Rule 404(b) of the Federal Rules of Evidence allows for the admission of evidence of “other crimes, wrongs, or acts” for the purpose of establishing motive, intent, preparation, plan, or identity. Rule 404(b) does not specifically exclude acts subsequent to the incident or incidents giving rise to the charges in the indictment. United States v. Hogue, 827 F.2d 660, 663 (10th Cir. 1987). In fact, we have allowed evidence of subsequent crimes where it is similar to the crime charged or possesses some “signature quality.” United States v. Gutierrez, 696 F.2d 753, 755 (10th Cir. 1982), cert. denied, 461 U.S. 909, 103 S.Ct. 1884, 76 L.Ed.2d 813, cert. denied, 461 U.S. 910, 103 S.Ct. 1885, 76 L.Ed.2d 814 (1983).
XI. Did the Trial Court Properly Sentence Appellant Under the Sentencing Guidelines?
Appellant finally charges that the district court misapplied the federal sentencing guidelines in imposing his sentence. Specifically, appellant contends that the district court erred in sentencing him for bringing into Utah “in excess of five kilograms of cocaine to sell or distribute.” Appellant‘s Brief at 53. He further contends that he was wrongly sentenced as an “organizer and leader.” Id. at 54. Lastly, appellant asserts that the district court wrongly applied the sentencing guidelines criminal history calculus. We find that the sentence imposed by the district court was appropriate.
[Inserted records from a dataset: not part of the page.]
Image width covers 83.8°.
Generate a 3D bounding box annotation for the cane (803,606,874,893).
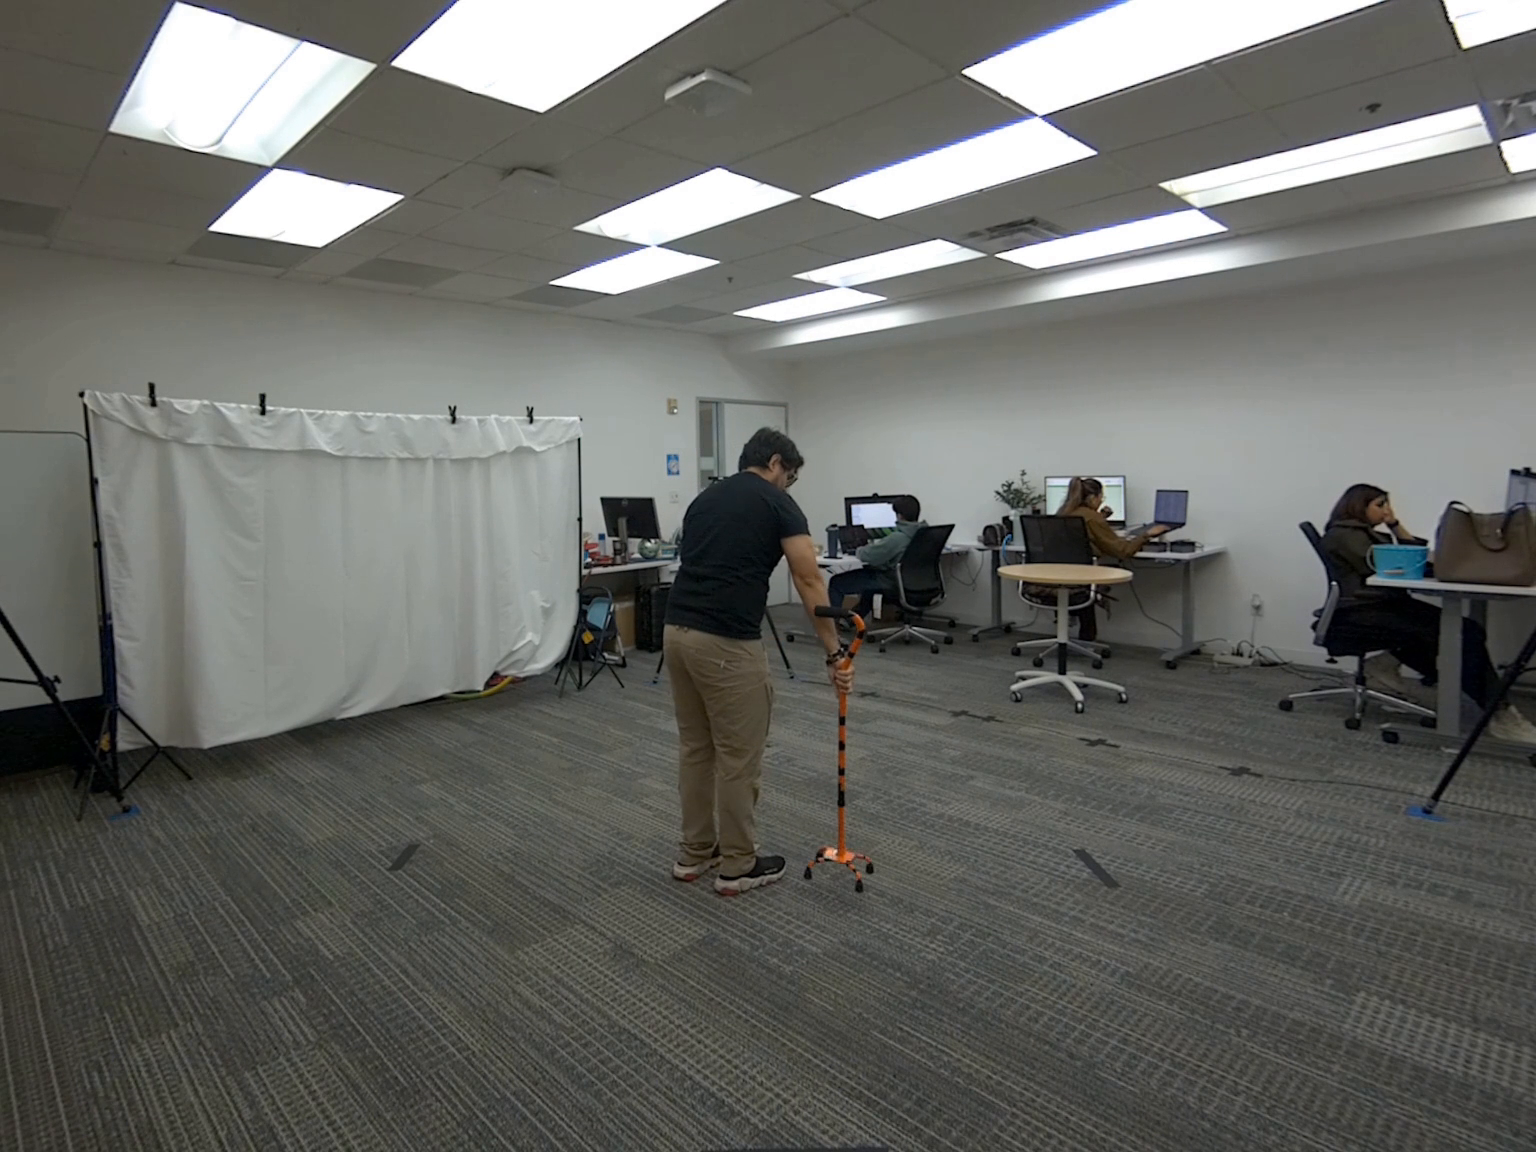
[{"bbox_3d":[0.241,0.557,2.786,0.211,0.900,0.149,5,10,24],"label":"cane"}]
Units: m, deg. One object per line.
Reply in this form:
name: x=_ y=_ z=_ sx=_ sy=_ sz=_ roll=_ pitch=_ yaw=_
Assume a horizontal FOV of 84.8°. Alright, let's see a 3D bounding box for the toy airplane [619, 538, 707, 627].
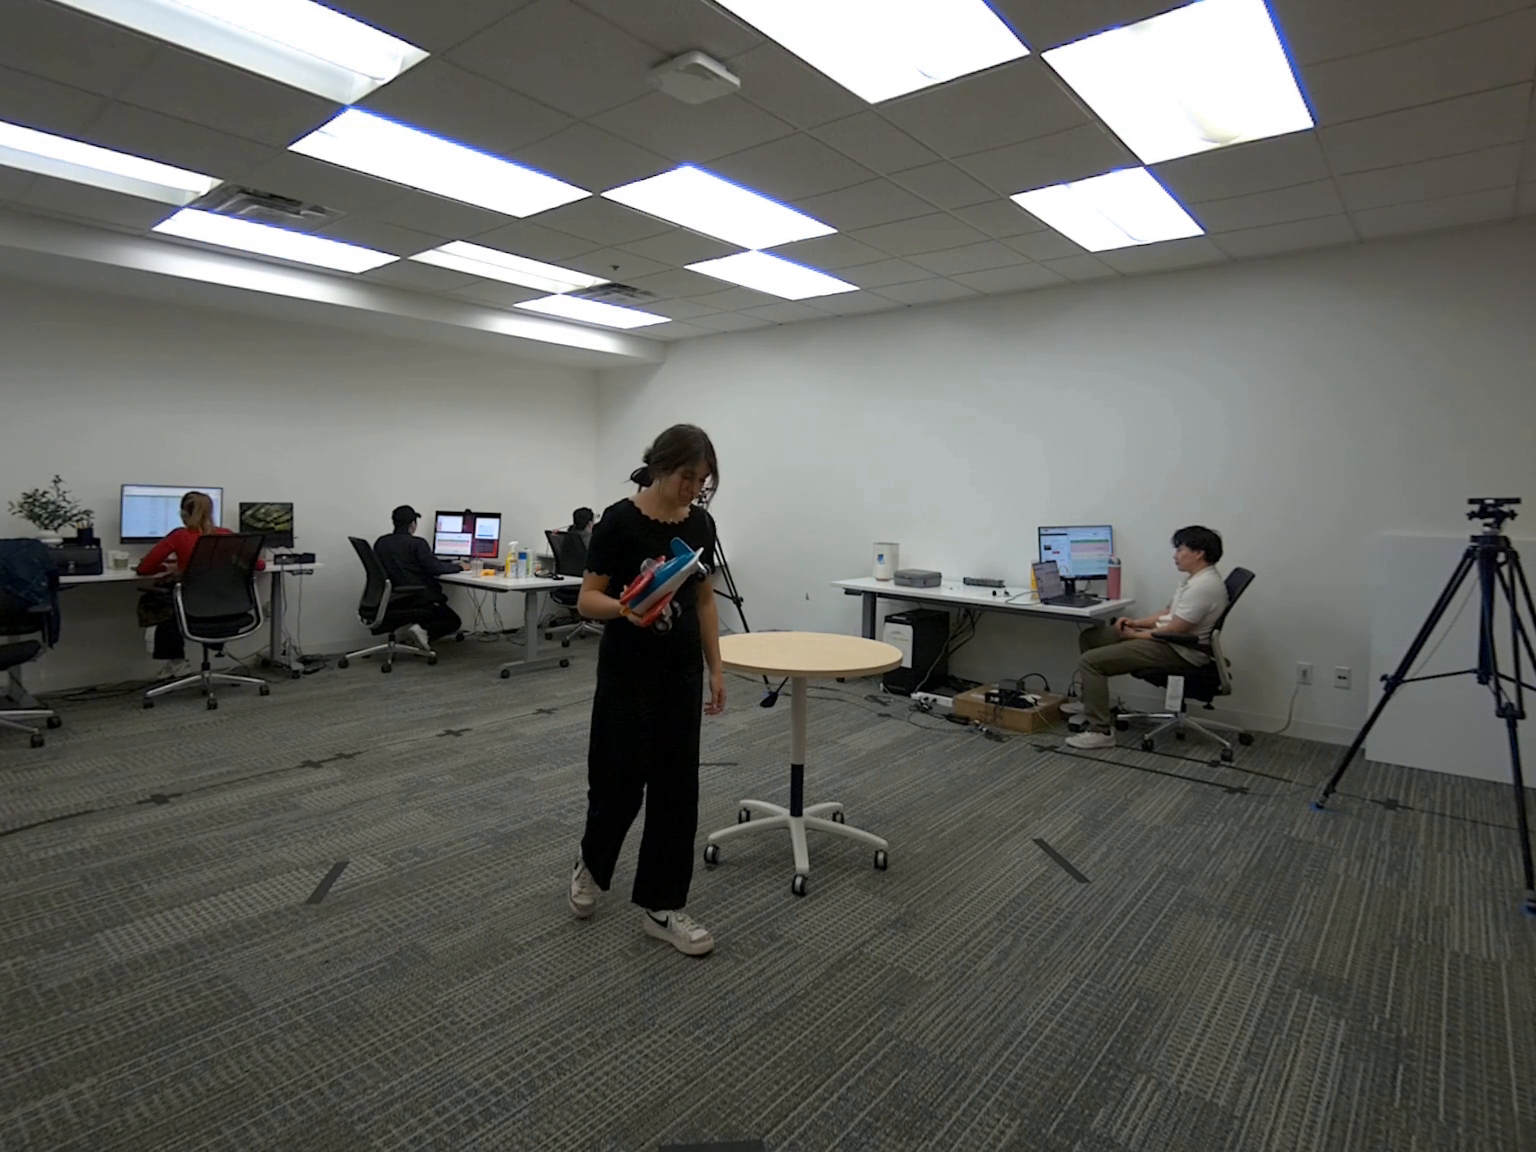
toy airplane: x=-0.277 y=0.015 z=2.286 sx=0.156 sy=0.259 sz=0.252 roll=35 pitch=-3 yaw=-3
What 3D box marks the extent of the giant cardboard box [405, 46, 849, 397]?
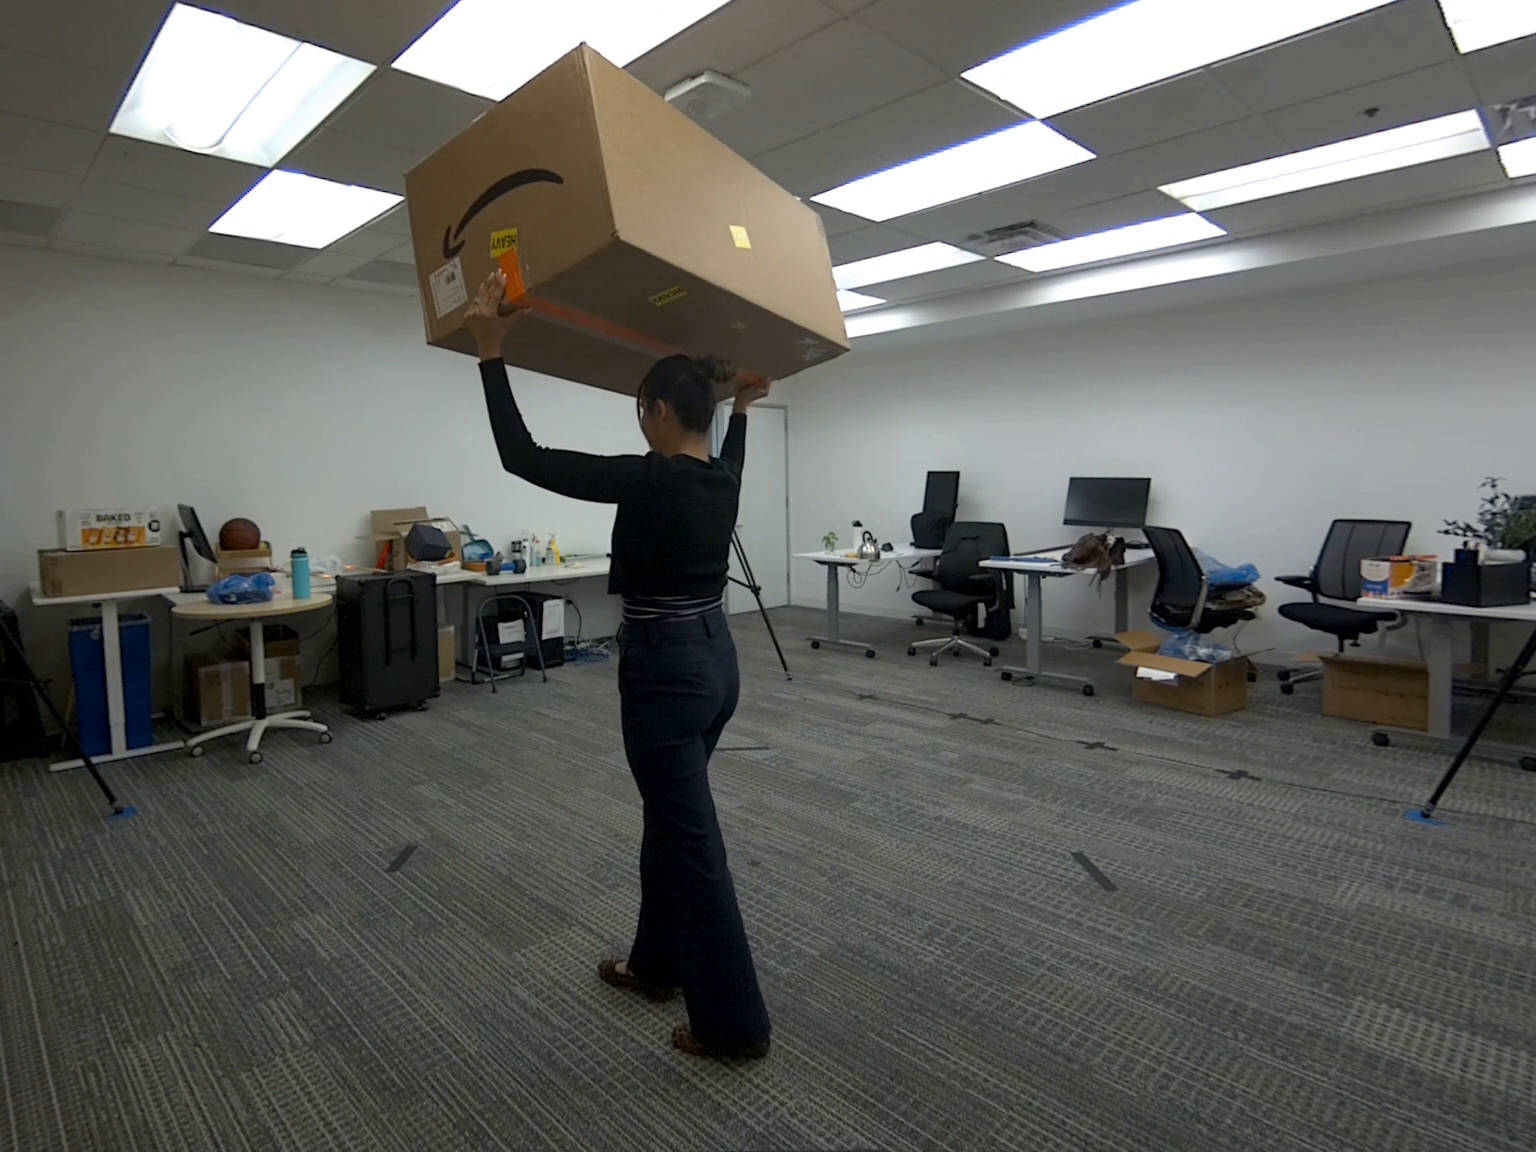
[{"bbox_3d":[-0.294,-0.775,2.199,0.588,0.430,0.998,-15,-7,31],"label":"giant cardboard box"}]
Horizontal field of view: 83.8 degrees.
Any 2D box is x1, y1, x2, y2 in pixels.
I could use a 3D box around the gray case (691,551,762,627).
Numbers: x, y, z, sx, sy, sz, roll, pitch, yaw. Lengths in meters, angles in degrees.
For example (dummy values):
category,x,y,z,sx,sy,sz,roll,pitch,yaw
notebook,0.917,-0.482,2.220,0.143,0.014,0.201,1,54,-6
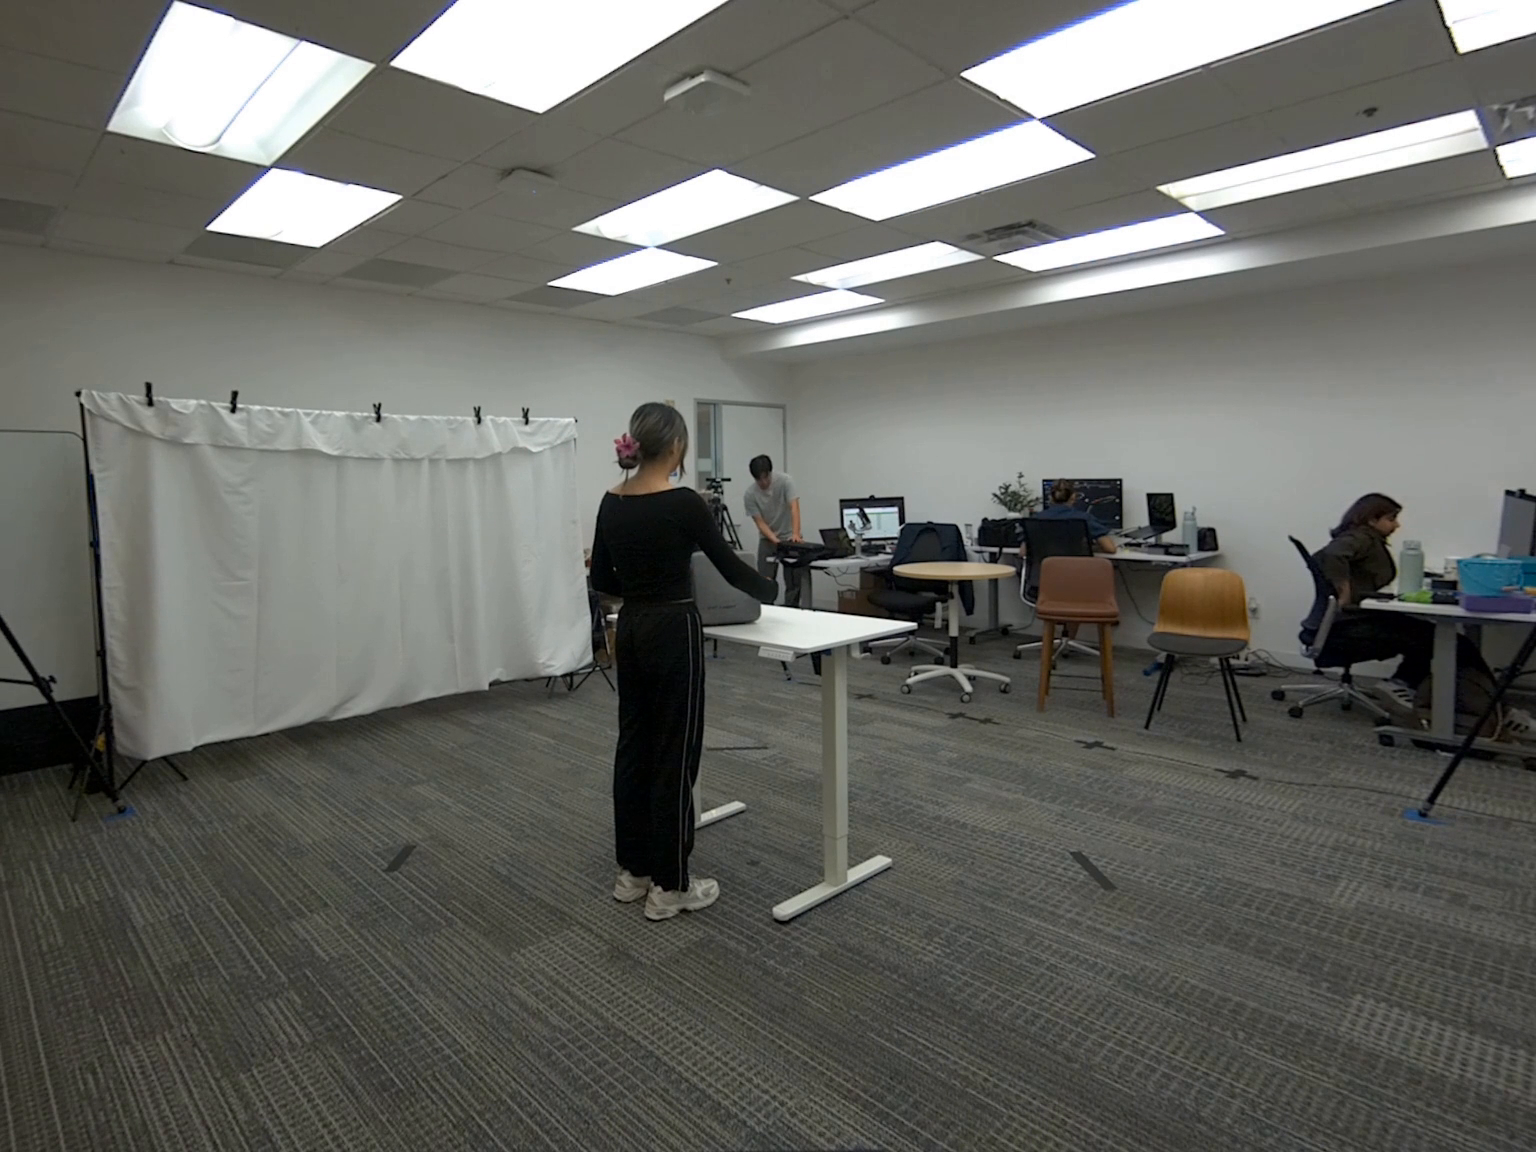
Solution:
category,x,y,z,sx,sy,sz,roll,pitch,yaw
gray case,-0.158,0.038,3.031,0.253,0.262,0.105,-3,-6,-16
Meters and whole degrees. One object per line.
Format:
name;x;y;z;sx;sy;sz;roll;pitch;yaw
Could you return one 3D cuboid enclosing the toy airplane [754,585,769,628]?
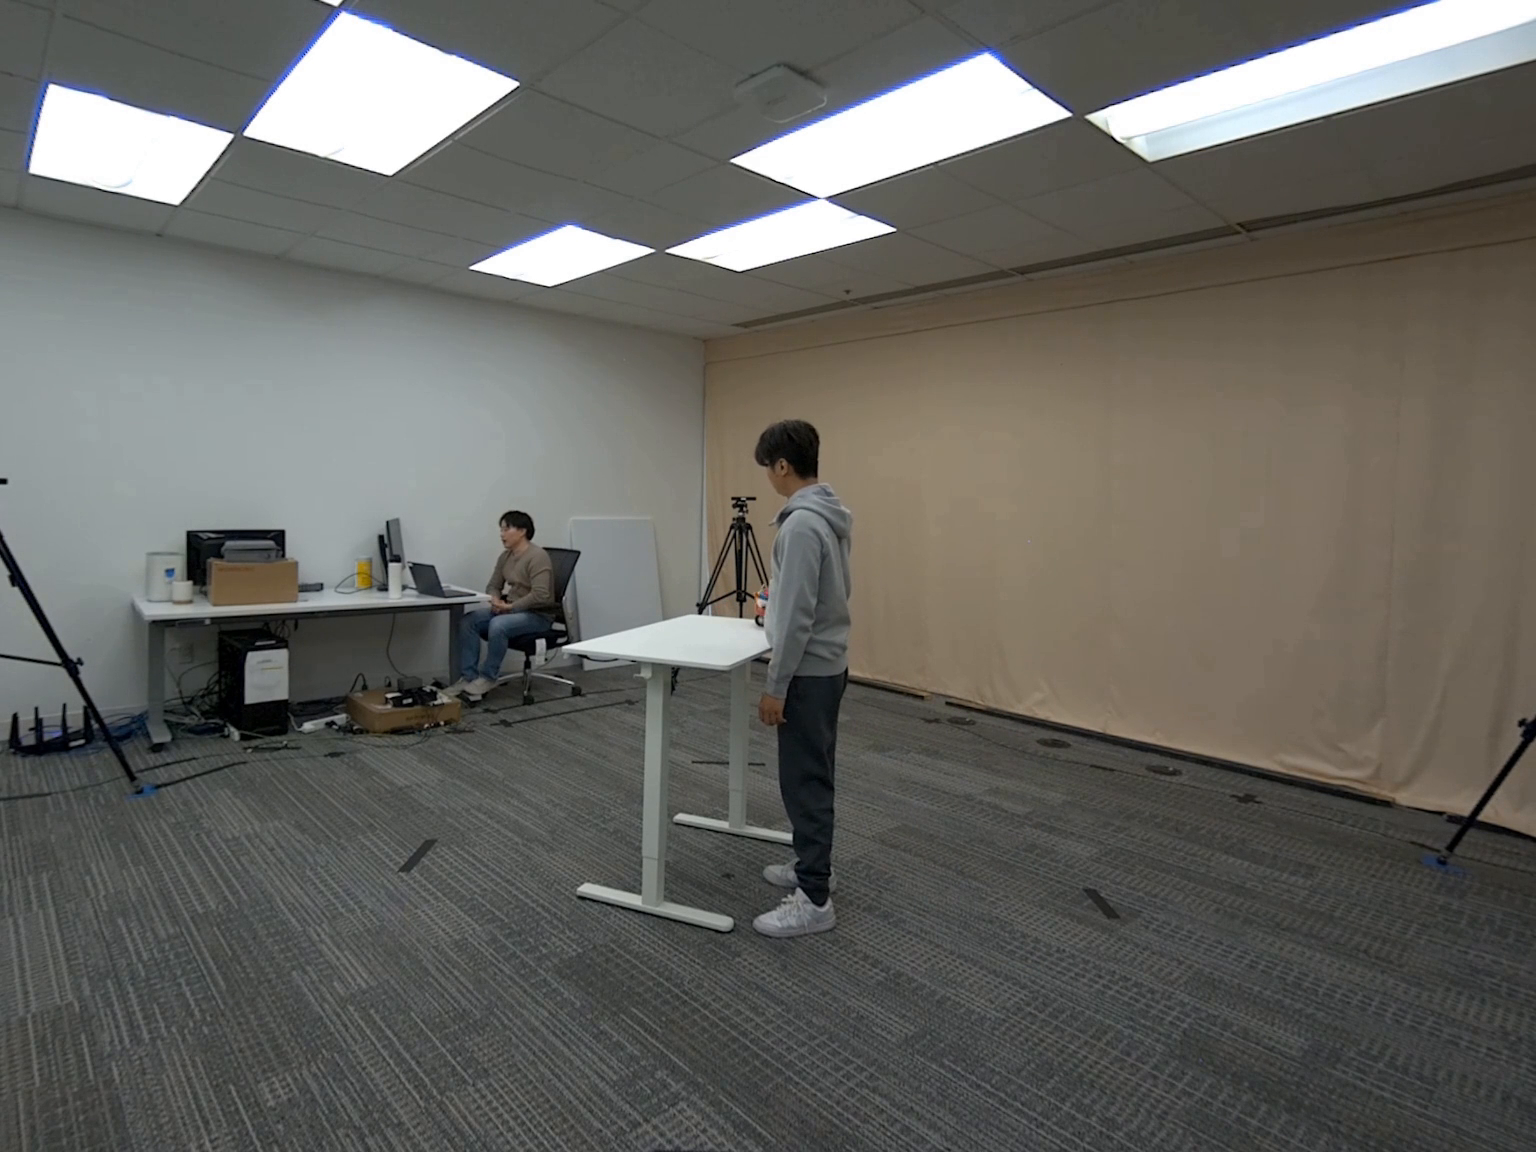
toy airplane;0.063;0.129;3.427;0.257;0.156;0.254;1;5;-11

In the first place, we note that a sentencing court may look beyond the charges alleged in the indictment in imposing a sentencing. United States v. Smith, 929 F.2d 1453, 1459 (10th Cir.) (“[Q]uantities and types of drugs not specified in the charge with which defendant stands convicted are to be included in determining the base offense level ‘if they were part of the same course of conduct or part of a common scheme or plan as the count of conviction.‘“) (citations omitted), cert. denied, 502 U.S. 847, 112 S.Ct. 146, 116 L.Ed.2d 112 (1991). In this case, the evidence presented at trial adequately supported the trial court‘s finding that appellant had brought more than five kilograms of cocaine into Utah as part of the overall conspiracy. See R.Vol. IV at 68, Testimony of Alvarez. The evidence of appellant‘s role as an organizer and leader was also sufficiently established at trial. See R.Vol. IV at 52-56; R.Vol. III at 125-26. Appellant‘s final assertion, that it was error for the court to consider his Mississippi conviction in determining his criminal history level since that conviction occurred after the commission of Utah crimes, is incorrect as a matter of law. In fact, the Tenth Circuit considered this very issue in United States v. Fortenbury, 917 F.2d 477, 479 (10th Cir. 1990), and concluded that subsequent criminal conduct occurring before sentencing for an earlier offense is a permissible basis for departing upward by criminal history category. Moreover, because appellant failed to designate the record on sentencing, we cannot evaluate the district court‘s consideration of criminal history in any further detail. We therefore affirm the district court‘s sentence as to these particular issues.
CONCLUSION
For the reasons given in this panel decision and in the en banc decision in this case issued concurrently herewith, we AFFIRM the district court in all particulars except as to appellant‘s consecutive sentence of 120 months on Count IV. As to that particular sentence, we REVERSE and REMAND for resentencing in accordance with our decisions.
For the reasons set forth in the dissent in the en banc decision in United States v. Abreu and United States v. Thornbrugh, 962 F.2d 1447 (10th Cir. 1992), I must respectfully dissent.